ROMA. Alfredo Mantovano, An: «Nessuna autorizzazione agli 007 ad azioni che ledano l’integrità e la libertà della persona». Massimo Brutti, Ds: «Sono in radicale dissenso con il presidente Scajola: nessuna autorizzazione è possibile per comportamenti che violano i diritti umani, come il sequestro di persona». Fabrizio Cicchitto, Forza Italia: «Sono d’accordo con Scajola. Il limite invalicabile per lo 007 deve essere quello di non uccidere». Sergio De Gregorio, Italia dei Valori: «Sono d’accordo con Scajola, purché non metta in discussione la credibilità dell’Italia». Felice Casson, Ulivo: «Il limite è fissato dalla nostra Costituzione, che impone il rispetto della persona umana. Dunque, nessun sequestro di persona può essere autorizzato».

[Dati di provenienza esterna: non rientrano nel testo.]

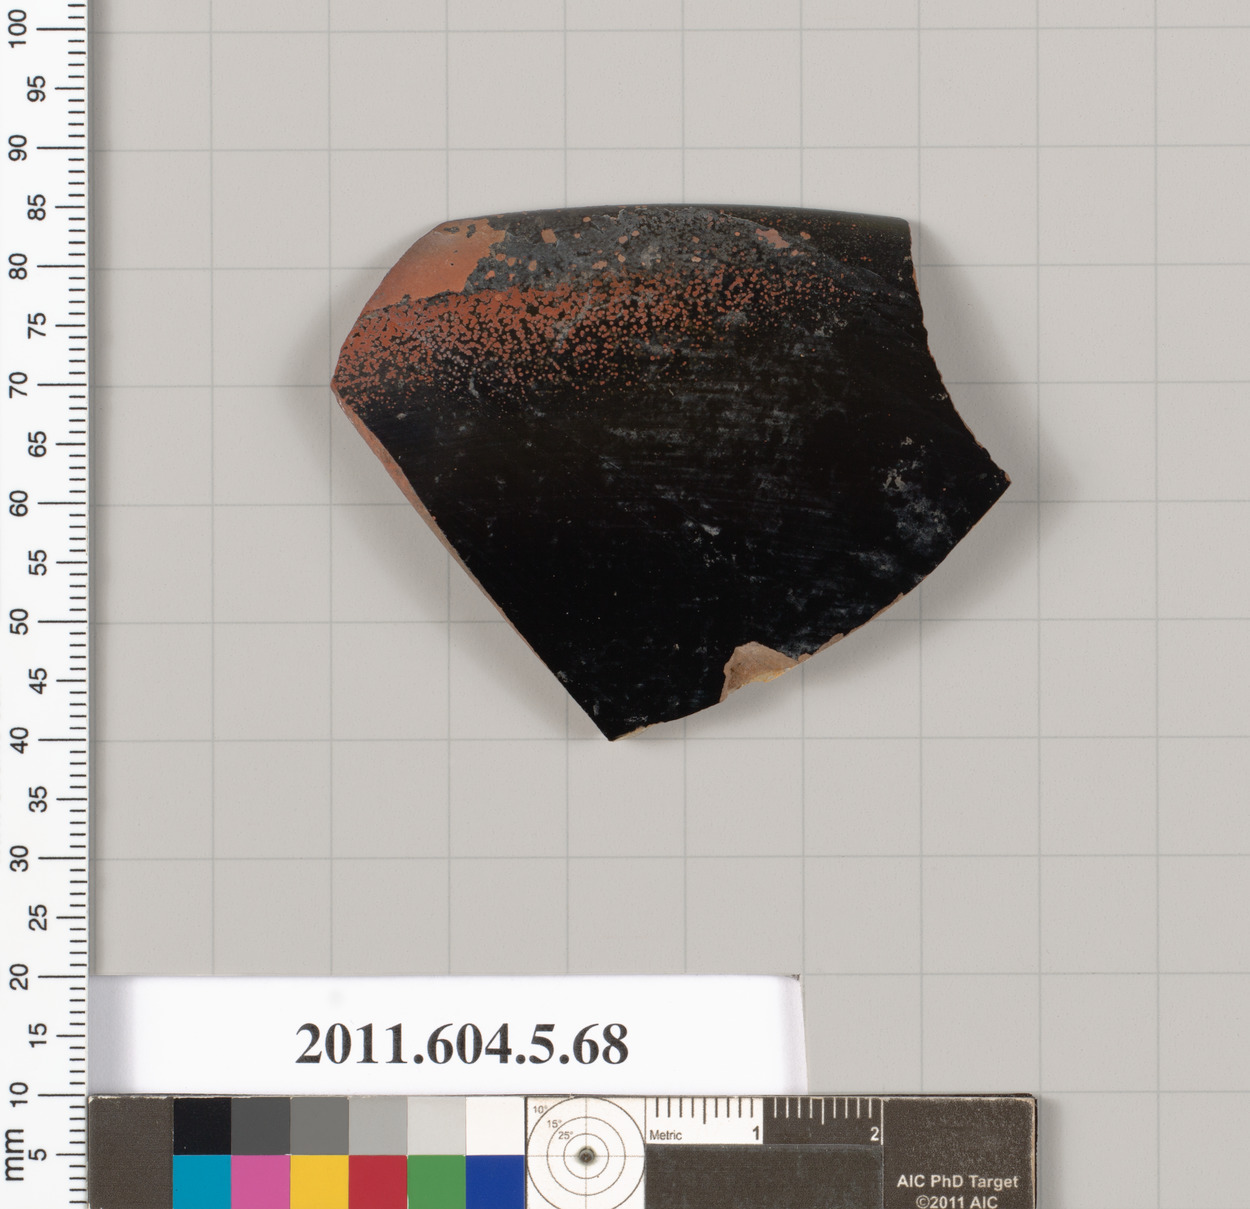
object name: kylix fragment
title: Terracotta rim fragment of a kylix (drinking cup)
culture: greek, attic
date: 500-476 BCE
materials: terracotta
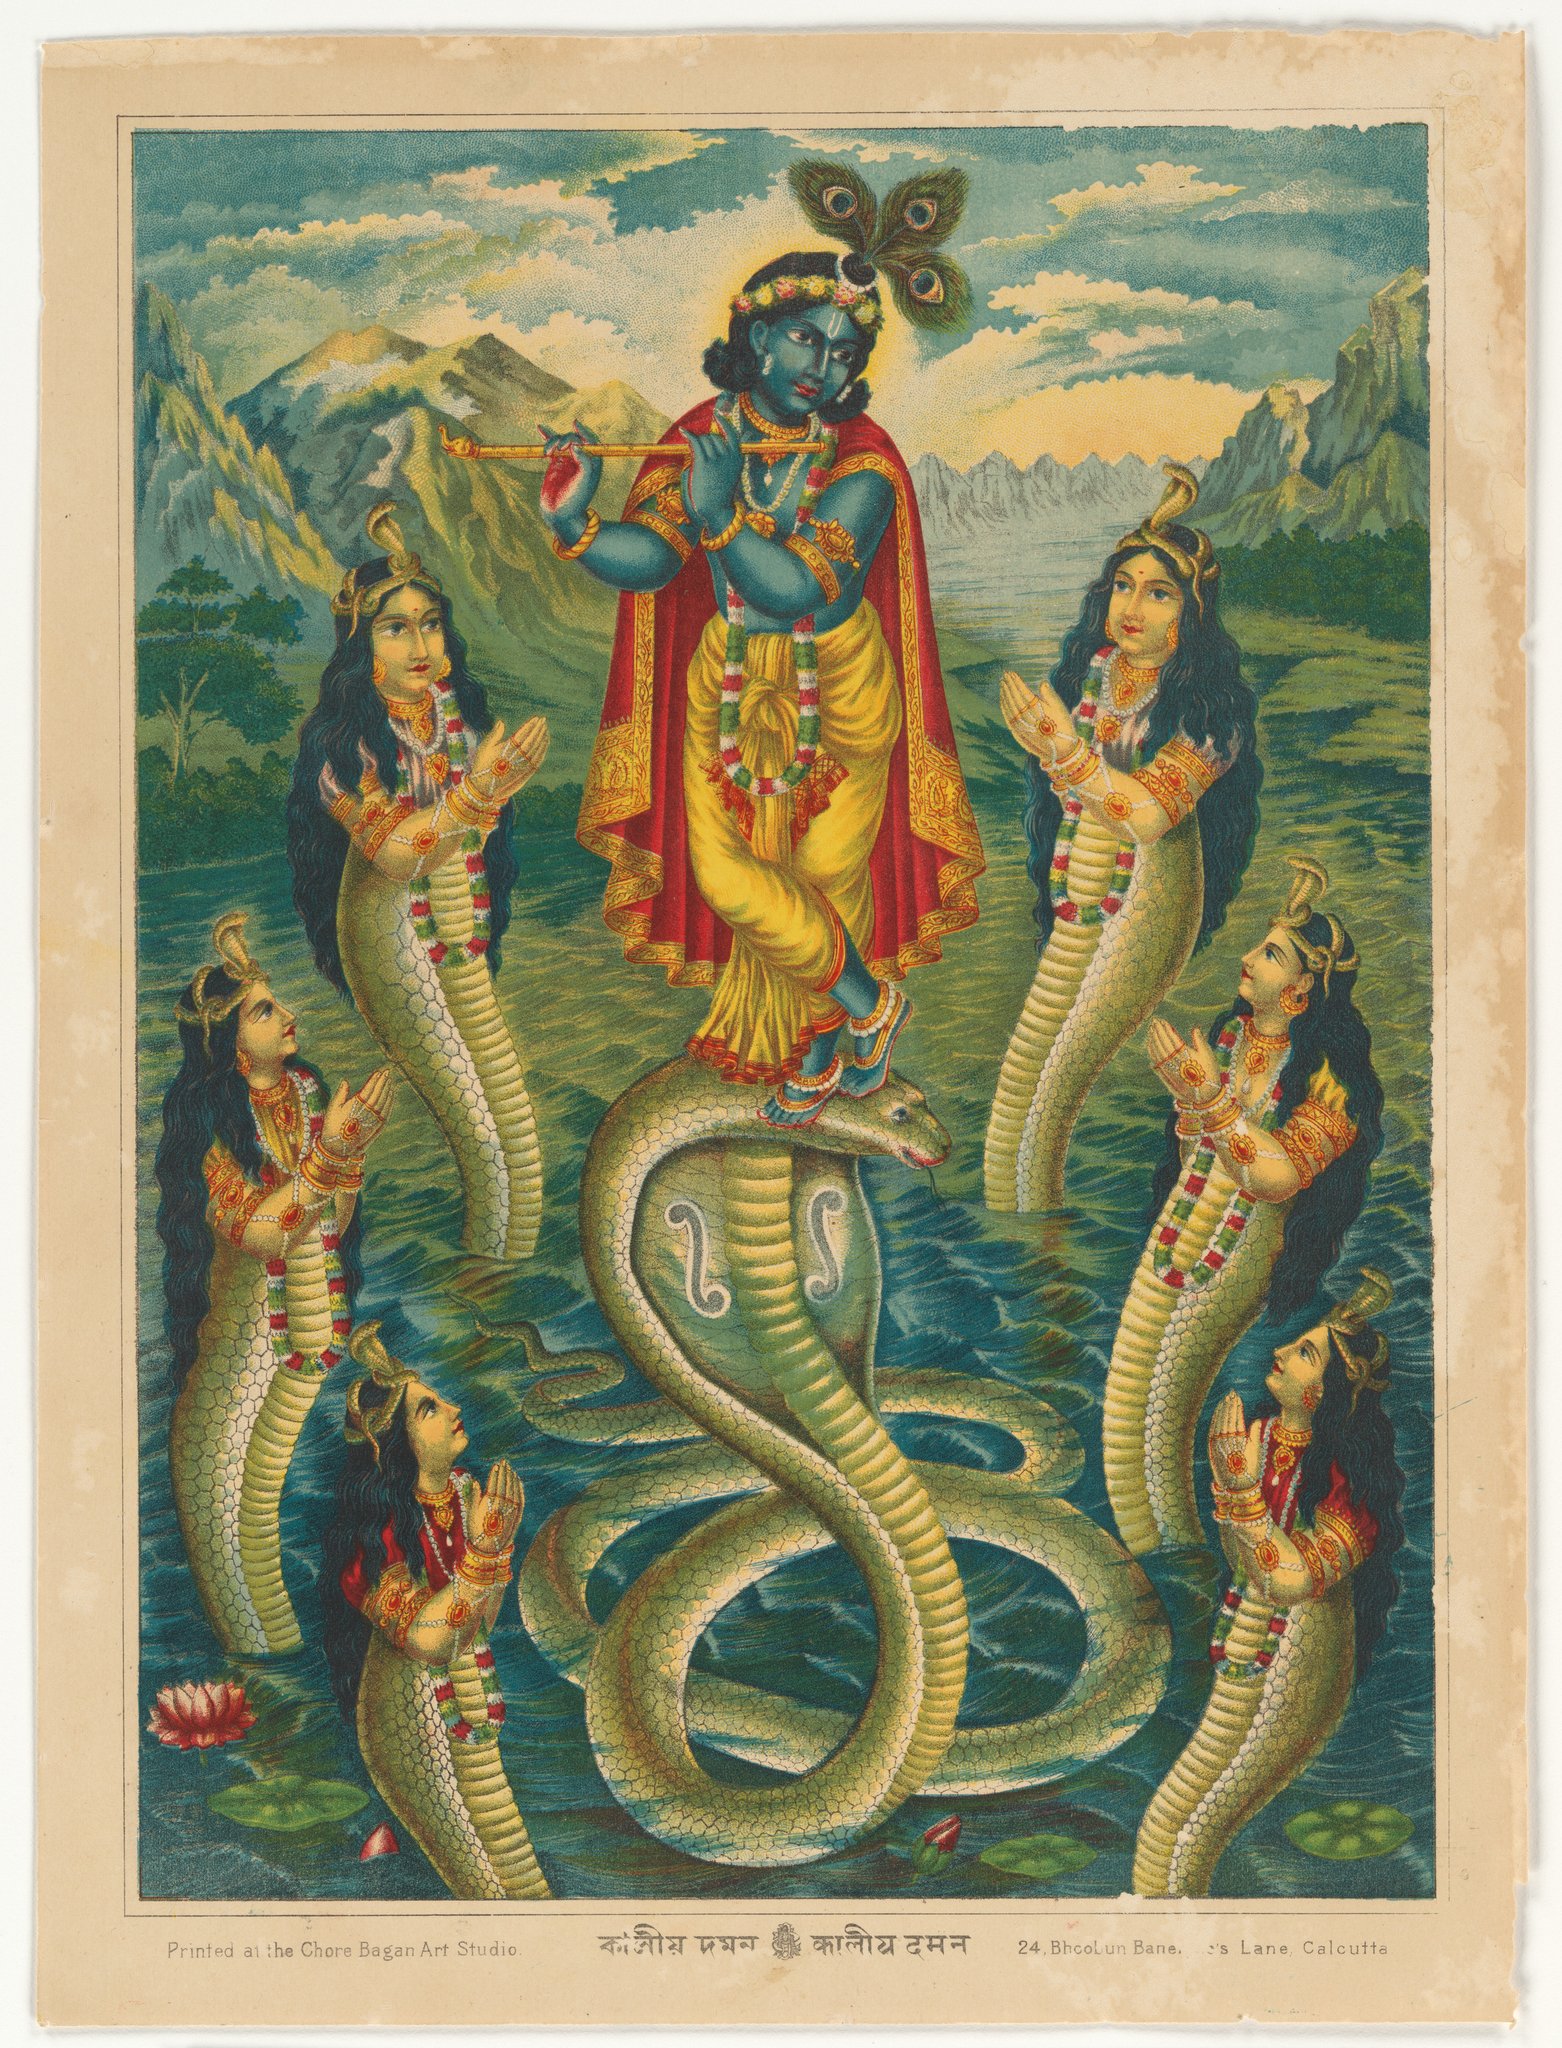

Il giorno dopo, fa discutere l’intervista a La Stampa del presidente del Comitato parlamentare di controllo sui Servizi, Claudio Scajola, che ha tratteggiato i contenuti della riforma possibile dei Servizi e invocato le «garanzie funzionali» per gli 007, fino a prevedere la possibilità di azioni illegali, comprese le «extraordinary rendition» (escludendo la licenza di uccidere). Anche Milziade Caprili, Rifondazione, membro del Copaco, è nettamente contrario alla proposta di Scajola: «Le garanzie funzionali devono garantire sempre il rispetto dei diritti fondamentali di ogni individuo». All’opposto, Italo Bocchino, An: «E’ urgente prendere posizione, così come ha fatto il presidente del Copaco Scajola, sulle libertà da vincoli legislativi che i nostri agenti devono necessariamente avere».

Ma tutti sono d’accordo, invece, sulla necessità di procedere in tempi rapidi a una riforma della nostra intelligence. Ci sta lavorando anche il governo, muovendosi su una linea non distante da quella di Scajola, che intende concedere poteri più ampi agli 007. Nel merito della riforma, invece, le posizioni sono più articolate, e tagliano trasversalmente gli schieramenti. Per esempio, servizio unico o due servizi? Per Felice Casson ex pm veneziano (sue le indagini su Gladio e la strage di Peteano), è indifferente: «L’importante è stabilire compiti e obiettivi della intelligence, per evitare sovrapposizioni. In ogni caso, la responsabilità sul loro operato deve essere del presidente del Consiglio». Massimo Brutti, Ds, propende per il mantenimento di due servizi: «Sono d’accordo con un sistema incentrato su due agenzie, e su di una forte struttura centrale che garantisca coordinamento e direzione unitaria delle varie attività di intelligence».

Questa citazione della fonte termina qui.